Core Web Vitals Explained: What LCP, INP and CLS Actually Measure
## The short answer
Core Web Vitals are three user-centred performance metrics that quantify how a page feels to real visitors: **Largest Contentful Paint (LCP)** measures loading speed, **Interaction to Next Paint (INP)** measures responsiveness, and **Cumulative Layout Shift (CLS)** measures visual stability. Together they translate the vague notion of "the site feels slow" into numbers you can measure, set targets for, and improve.
They matter because they're based on actual user experience rather than synthetic lab conditions, and because search engines factor page experience into ranking. But the real reason to care is simpler: faster, more stable pages convert better and frustrate fewer people.
## Largest Contentful Paint (LCP): is it loading fast enough?
LCP measures the time from when the page starts loading to when the largest visible content element — usually a hero image, a video poster, or a large block of text — finishes rendering. It's a proxy for "when does the page look useful?"
Common causes of poor LCP:
- Slow server response time (a high Time to First Byte).
- Render-blocking CSS and JavaScript delaying the first paint.
- Large, unoptimised images without modern formats or proper sizing.
- Client-side rendering that makes the browser wait for JavaScript before showing anything.
To improve it, prioritise the critical rendering path: serve a fast first byte, preload the hero asset, compress and correctly size images, and avoid blocking the main content behind heavy scripts.
## Interaction to Next Paint (INP): does it respond when tapped?
INP measures responsiveness across the whole visit. It looks at the latency of interactions — clicks, taps, key presses — and reports a value representative of the worst experiences. A low INP means the page reacts promptly when users do something; a high INP means taps feel laggy and unresponsive.

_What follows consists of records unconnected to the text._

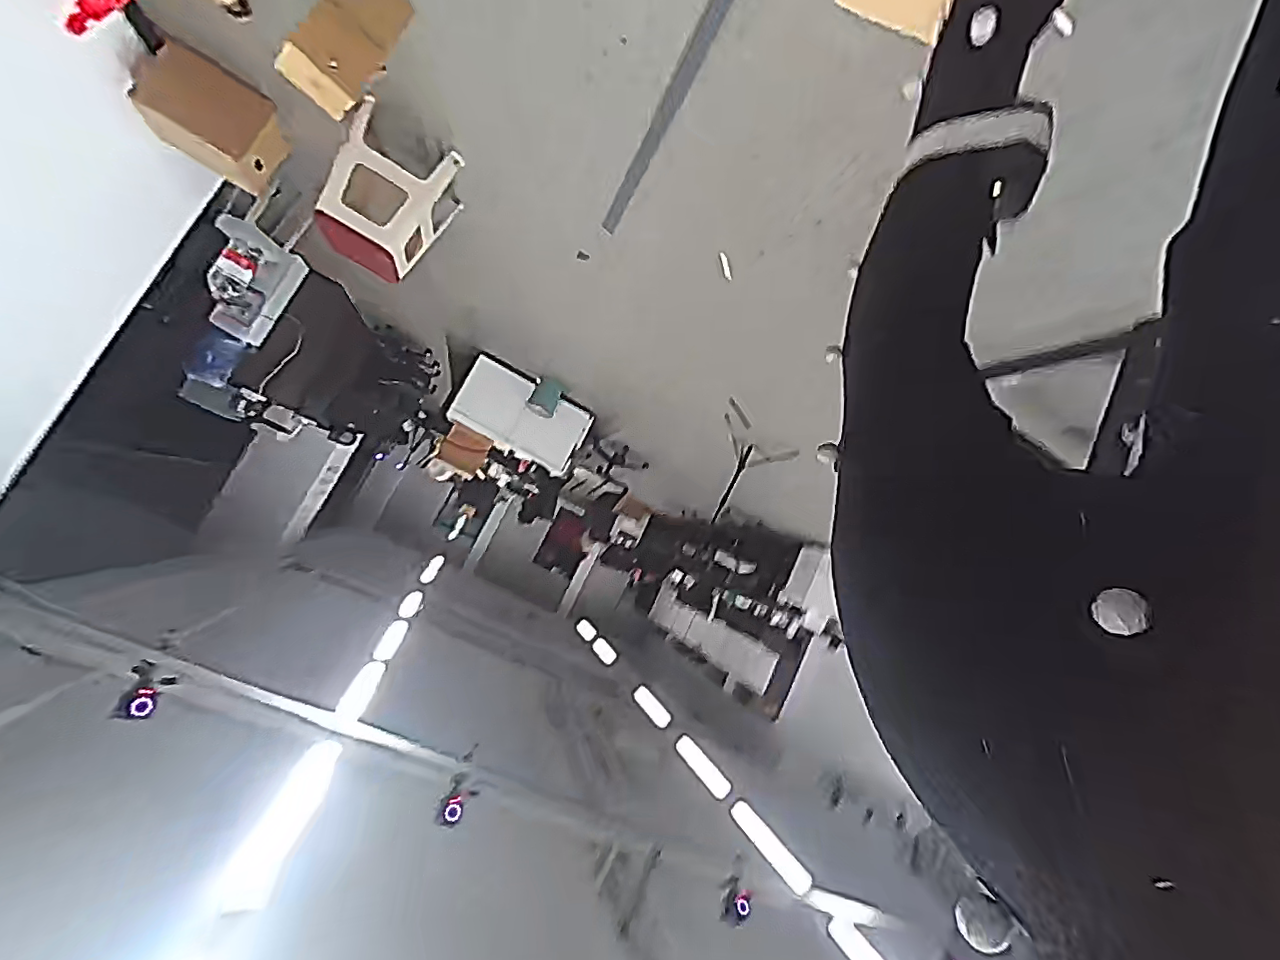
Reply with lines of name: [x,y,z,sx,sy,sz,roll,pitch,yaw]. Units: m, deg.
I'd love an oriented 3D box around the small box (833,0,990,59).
small box: [0.370,-0.675,0.648,0.179,0.176,0.168,25,172,-1]
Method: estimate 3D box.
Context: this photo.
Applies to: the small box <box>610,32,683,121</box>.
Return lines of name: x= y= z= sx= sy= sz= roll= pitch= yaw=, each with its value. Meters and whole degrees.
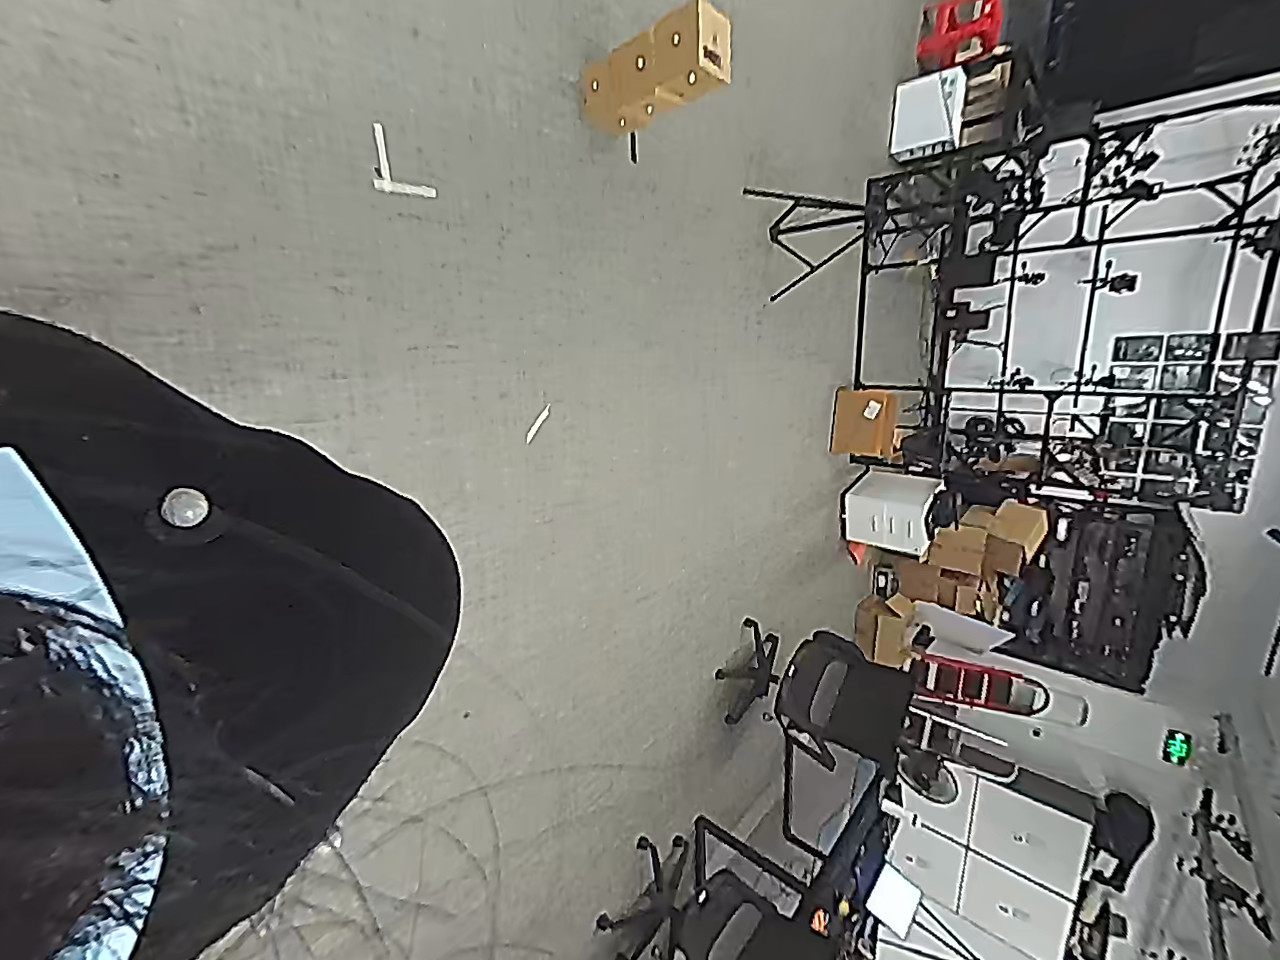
small box: x=0.021 y=-1.294 z=1.751 sx=0.168 sy=0.176 sz=0.179 roll=-24 pitch=115 yaw=-44

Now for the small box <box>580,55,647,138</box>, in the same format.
small box: x=-0.095 y=-1.312 z=1.864 sx=0.179 sy=0.176 sz=0.168 roll=-12 pitch=108 yaw=-48

INP replaced the older First Input Delay metric because it captures responsiveness throughout the session, not just the first interaction. That makes it a much truer reflection of how interactive a page actually feels.
Common causes of poor INP:
- Long JavaScript tasks that block the main thread when the user interacts.

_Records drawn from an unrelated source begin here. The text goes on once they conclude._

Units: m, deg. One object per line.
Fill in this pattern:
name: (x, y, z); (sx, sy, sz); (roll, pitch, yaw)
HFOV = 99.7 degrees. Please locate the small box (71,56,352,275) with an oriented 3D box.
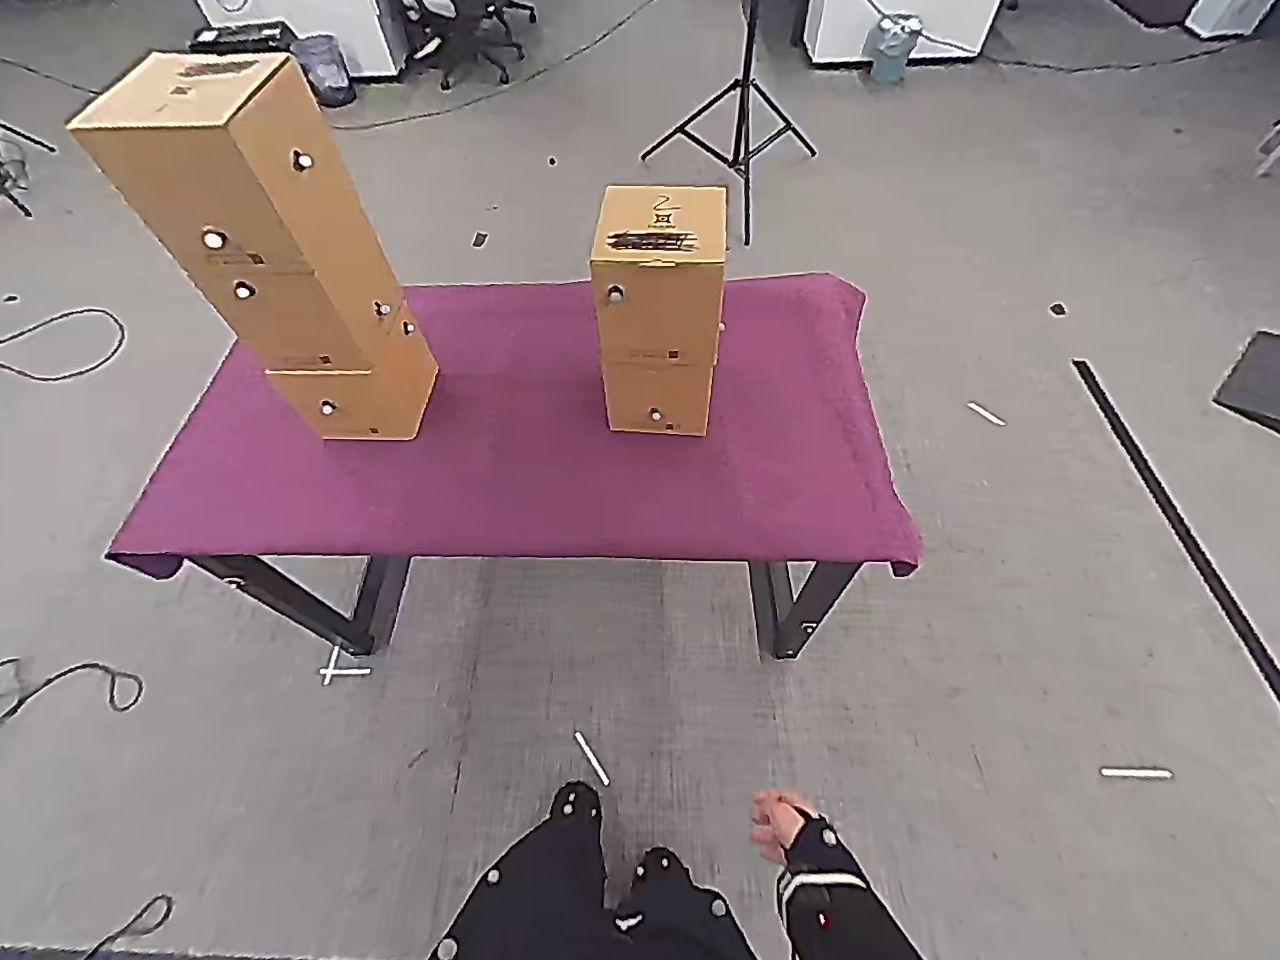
small box: (-0.475, -0.369, 0.640); (0.168, 0.176, 0.179); (1, 57, 3)

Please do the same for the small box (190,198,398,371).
small box: (-0.474, -0.280, 0.779); (0.168, 0.176, 0.179); (0, 56, 2)

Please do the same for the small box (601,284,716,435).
small box: (0.034, -0.199, 0.901); (0.168, 0.176, 0.179); (4, 57, 6)

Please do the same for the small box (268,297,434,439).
small box: (-0.469, -0.184, 0.912); (0.168, 0.176, 0.179); (1, 56, 3)
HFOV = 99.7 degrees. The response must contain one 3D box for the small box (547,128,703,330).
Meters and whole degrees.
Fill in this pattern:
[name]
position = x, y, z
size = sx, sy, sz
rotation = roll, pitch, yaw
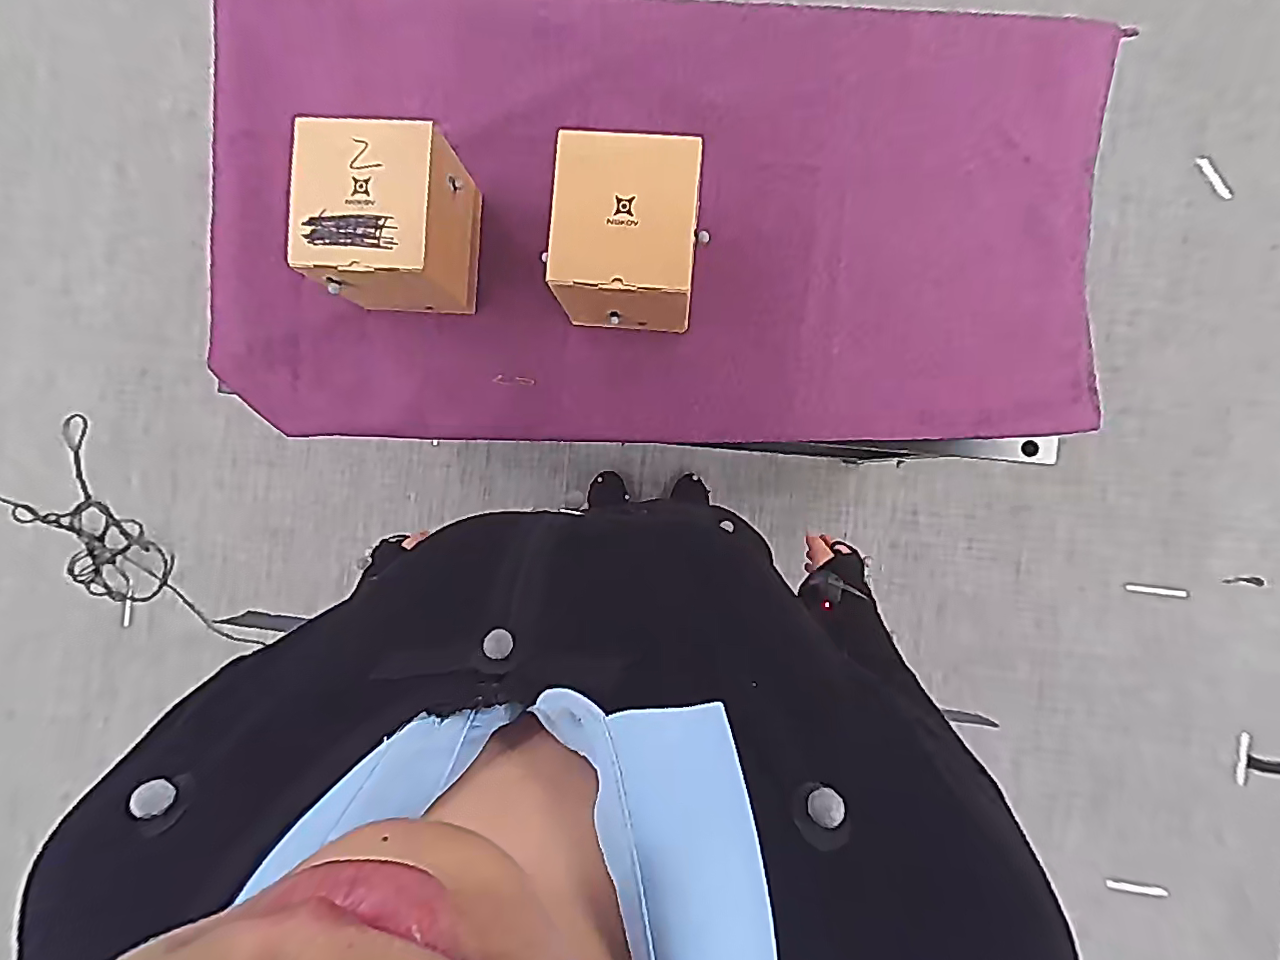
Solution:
[small box]
position = -0.015, -0.306, 0.689
size = 0.168, 0.176, 0.179
rotation = 5, 91, 3
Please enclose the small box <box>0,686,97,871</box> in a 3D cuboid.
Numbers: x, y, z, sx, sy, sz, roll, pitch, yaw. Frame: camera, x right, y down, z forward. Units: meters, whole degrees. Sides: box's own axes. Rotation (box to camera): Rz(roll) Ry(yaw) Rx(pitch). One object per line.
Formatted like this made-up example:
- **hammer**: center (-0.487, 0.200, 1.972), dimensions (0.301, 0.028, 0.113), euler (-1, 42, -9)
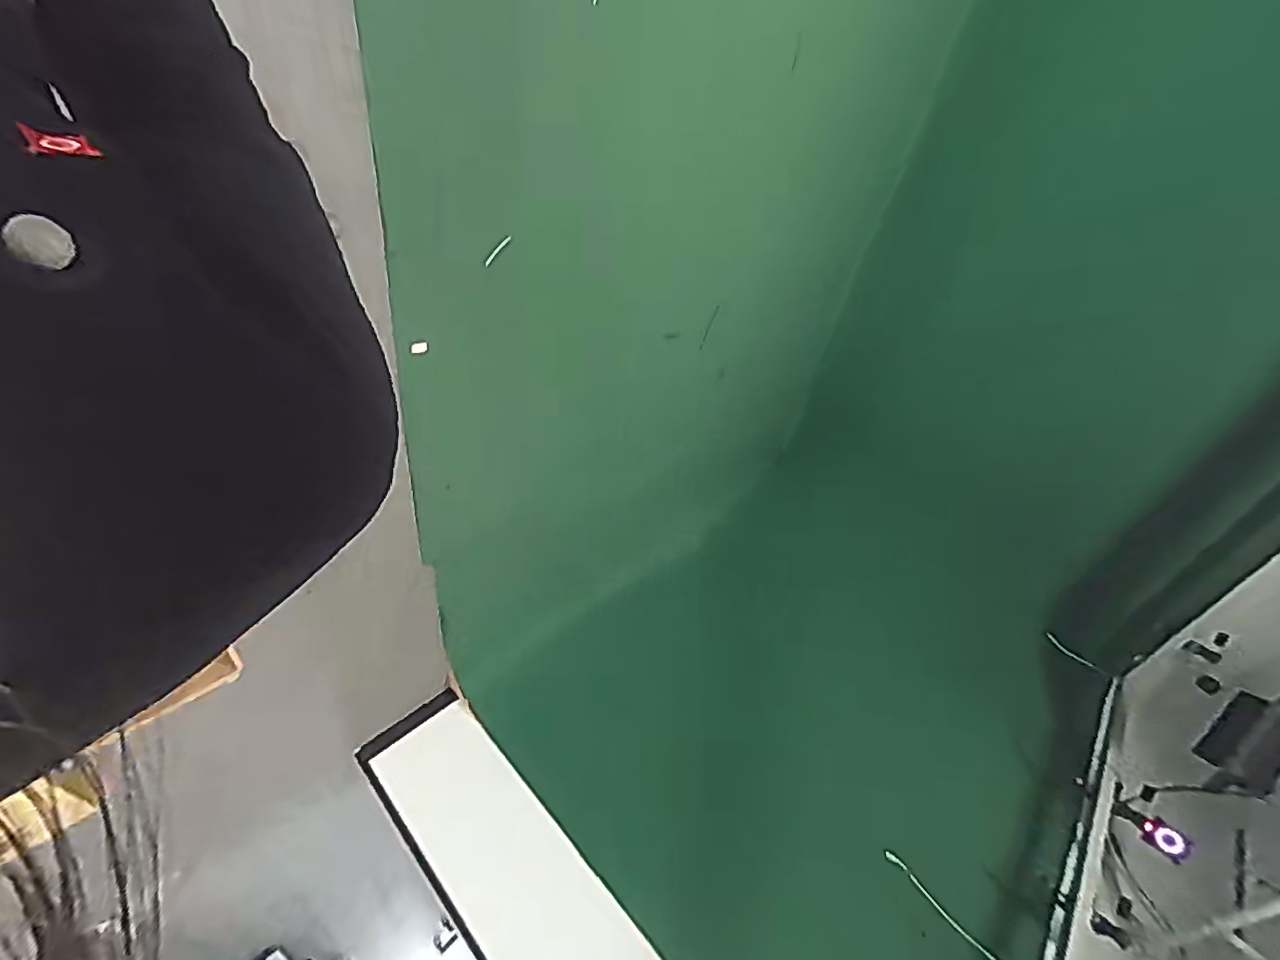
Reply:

- Heavy event handlers doing too much synchronous work.
- Large component re-renders triggered by simple interactions.
Fixes generally involve breaking up long tasks, deferring non-essential work, and keeping the main thread free to respond.
## Cumulative Layout Shift (CLS): does the page jump around?
CLS measures unexpected movement of visible content as the page loads. You've felt it: you go to tap a button, an image loads above it, everything shifts, and you tap the wrong thing. CLS quantifies how much of that happens.
Common causes of poor CLS:
- Images and embeds without explicit width and height, so the browser can't reserve space.
- Ads or banners injected after initial render.
- Web fonts that cause a visible reflow when they swap in.
- Content inserted above existing content without reserving space.
The fix is mostly discipline: always reserve space for media, avoid inserting content above what the user is already looking at, and handle font loading carefully.
## Lab data vs field data
A crucial distinction: Core Web Vitals are fundamentally **field metrics**, gathered from real users on real devices and networks. **Lab data**, generated by synthetic tools in a controlled environment, is invaluable for debugging and reproducing issues, but it can't capture the full diversity of your audience's devices and connections.
Use both. Lab tools tell you *why* something is slow and let you test fixes deterministically. Field data tells you whether those fixes actually helped your real users. Optimising purely for a lab score while field metrics stay poor is a classic trap.
## How to put this into practice
1. **Measure the field first.** Establish where your real users currently sit on each metric, segmented by device and connection where possible.
2. **Identify the worst metric.** Don't spread effort thinly; fix the one hurting users most.
3. **Reproduce in the lab.** Use synthetic tooling to diagnose the root cause deterministically.
4. **Ship the fix and re-measure the field.** Confirm the improvement reaches real users, not just the lab.
5. **Guard against regression.** Add performance budgets so a future change can't silently undo your work.
Weaving these metrics into a continuous quality process — rather than checking them once before launch — is the difference between sustained performance and a one-off win. It's the kind of ongoing rigour that underpins enterprise-grade products like those neart.ai builds.
## Takeaway
LCP, INP and CLS turn user experience into measurable engineering targets: how fast it loads, how quickly it responds, and how stable it stays. Measure them in the field, diagnose in the lab, fix the worst offender first, and protect your gains with performance budgets.